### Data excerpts

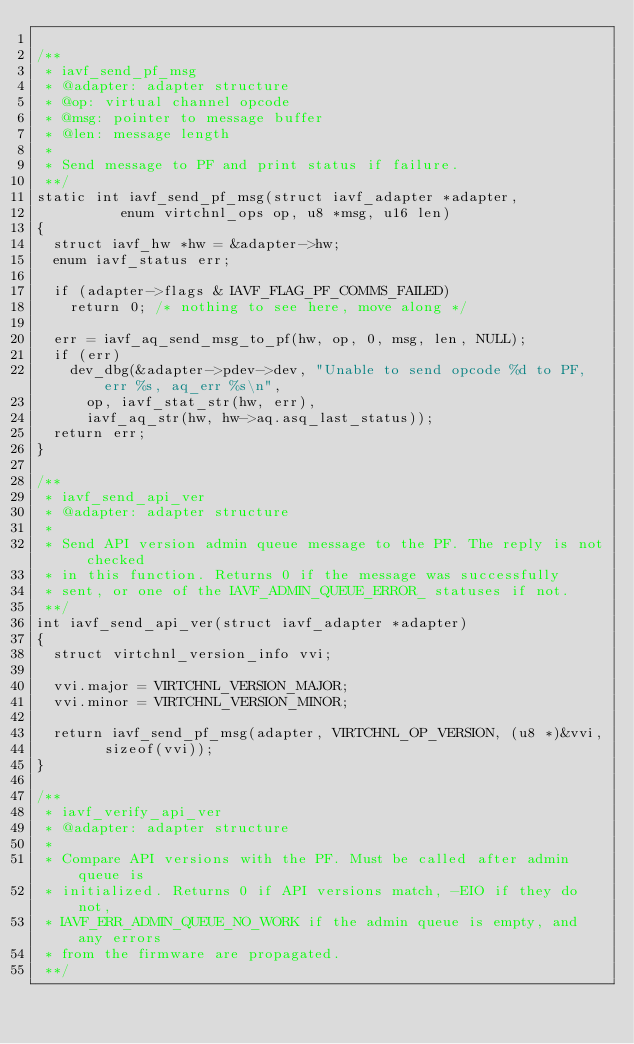<code> <loc_0><loc_0><loc_500><loc_500><_C_>
/**
 * iavf_send_pf_msg
 * @adapter: adapter structure
 * @op: virtual channel opcode
 * @msg: pointer to message buffer
 * @len: message length
 *
 * Send message to PF and print status if failure.
 **/
static int iavf_send_pf_msg(struct iavf_adapter *adapter,
			    enum virtchnl_ops op, u8 *msg, u16 len)
{
	struct iavf_hw *hw = &adapter->hw;
	enum iavf_status err;

	if (adapter->flags & IAVF_FLAG_PF_COMMS_FAILED)
		return 0; /* nothing to see here, move along */

	err = iavf_aq_send_msg_to_pf(hw, op, 0, msg, len, NULL);
	if (err)
		dev_dbg(&adapter->pdev->dev, "Unable to send opcode %d to PF, err %s, aq_err %s\n",
			op, iavf_stat_str(hw, err),
			iavf_aq_str(hw, hw->aq.asq_last_status));
	return err;
}

/**
 * iavf_send_api_ver
 * @adapter: adapter structure
 *
 * Send API version admin queue message to the PF. The reply is not checked
 * in this function. Returns 0 if the message was successfully
 * sent, or one of the IAVF_ADMIN_QUEUE_ERROR_ statuses if not.
 **/
int iavf_send_api_ver(struct iavf_adapter *adapter)
{
	struct virtchnl_version_info vvi;

	vvi.major = VIRTCHNL_VERSION_MAJOR;
	vvi.minor = VIRTCHNL_VERSION_MINOR;

	return iavf_send_pf_msg(adapter, VIRTCHNL_OP_VERSION, (u8 *)&vvi,
				sizeof(vvi));
}

/**
 * iavf_verify_api_ver
 * @adapter: adapter structure
 *
 * Compare API versions with the PF. Must be called after admin queue is
 * initialized. Returns 0 if API versions match, -EIO if they do not,
 * IAVF_ERR_ADMIN_QUEUE_NO_WORK if the admin queue is empty, and any errors
 * from the firmware are propagated.
 **/</code>

### TASK DIRECTIONS
Please copy every line in the entries where "message" appears.

### OUTPUT
 * @msg: pointer to message buffer
 * @len: message length
 * Send message to PF and print status if failure.
 * Send API version admin queue message to the PF. The reply is not checked
 * in this function. Returns 0 if the message was successfully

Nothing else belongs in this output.